Terming the G7 statement about building "constructive and stable relations with China" hypocritical, Wren said he expects the G7 to move further from economic suppression to controlling supply chains and even setting up standards, which may "hook other emerging economies" so that they can only trade under those noncompetitive and restrictive standards.
On the G7 leaders' pledge to intensify support for Ukraine, Wren said, maintaining war with Russia is also part of their strategy to weaken Russia and strengthen their position, Wren said.
Yuki Izumikawa, head of the business department of the Japan Association for the Promotion of International Trade, said G7's attempts to interfere in international affairs will only increase tensions in the world.
"In the past, due to the huge gap in national strength between developed and developing nations, the global trends and the international order were set up with developed countries taking the lead. But now that is no longer the case, as it is no longer an era where G7 countries can represent the whole world," said Izumikawa.
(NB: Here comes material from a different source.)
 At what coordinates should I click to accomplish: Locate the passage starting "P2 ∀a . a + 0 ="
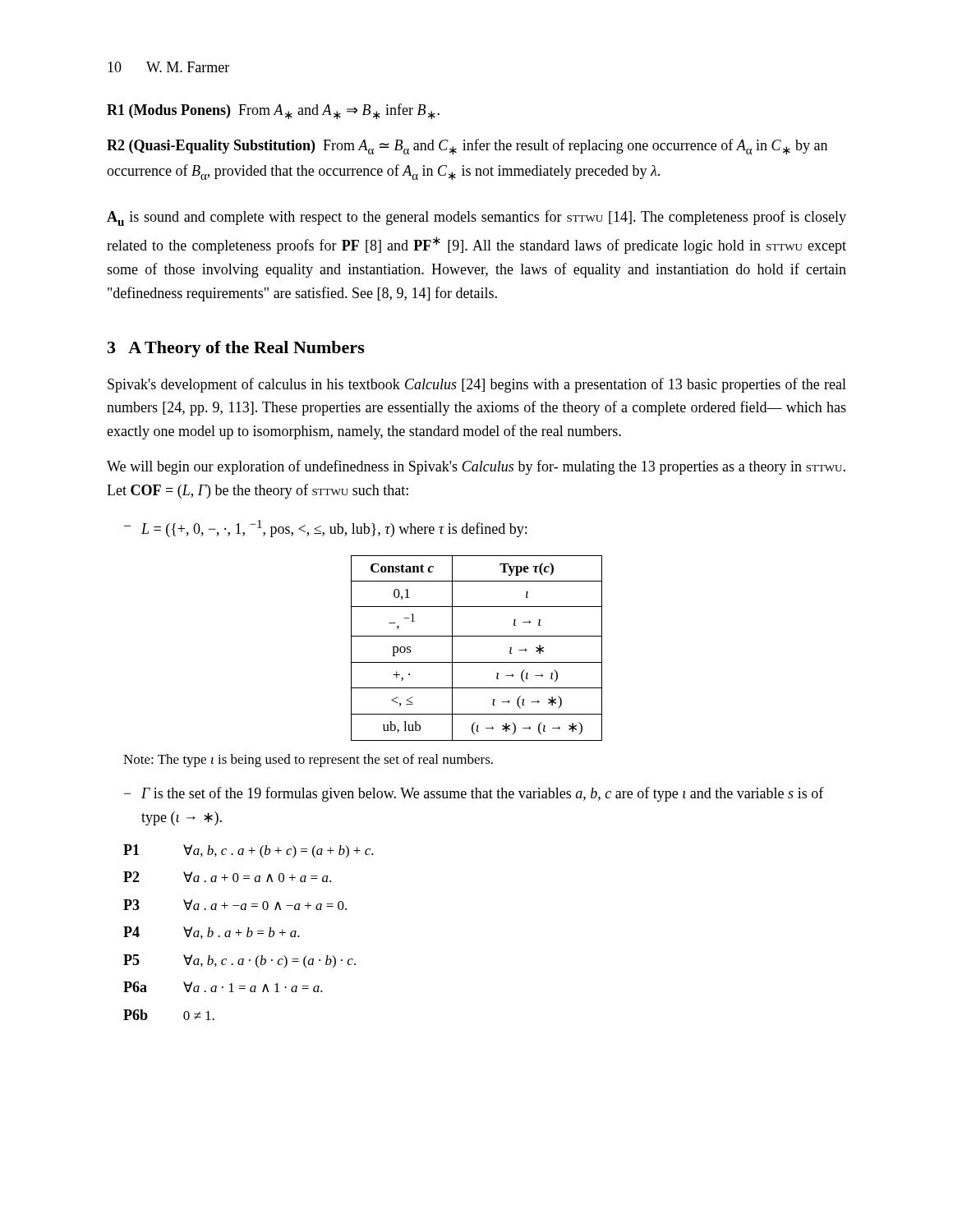coord(228,878)

Noting the U.S. has launched an economic war against China's development, Yuji Hosaka, a professor at Sejong University in Seoul, said the U.S. and Japan have also benefited from China's rapid growth and it is not a desirable attitude to unilaterally criticize and check China's economic growth.
"South Korea and Japan are acting as the U.S. wants to. It is under the guise of the value of solidarity of countries centered on the value of freedom," said Hosaka, noting the aim of the summit is to criticize the solidarity of countries with different values, and, in particular, to check China's economic and military growth as well as the expansion of its global influence.
Though Japan and the U.S. were clearly trying to steer the G7 into talking about Ukraine and particularly China, Henry Chan, visiting senior research fellow at the Cambodian Institute for Cooperation and Peace, said their attempt "did not succeed so much" because the communique showed that many attendees felt the global economy was as important as politics and multilateralism was the way forward.
Atsushi Koketsu, emeritus professor at Yamaguchi University of Japan, said the G7 has descended into a group of old-fashioned countries clinging to the so-called established international political order.
"With the international community moving forward to pluralism, the G7's relentless efforts to go against the trend of the times will undoubtedly cause imbalance and injustice in the international community," said Koketsu.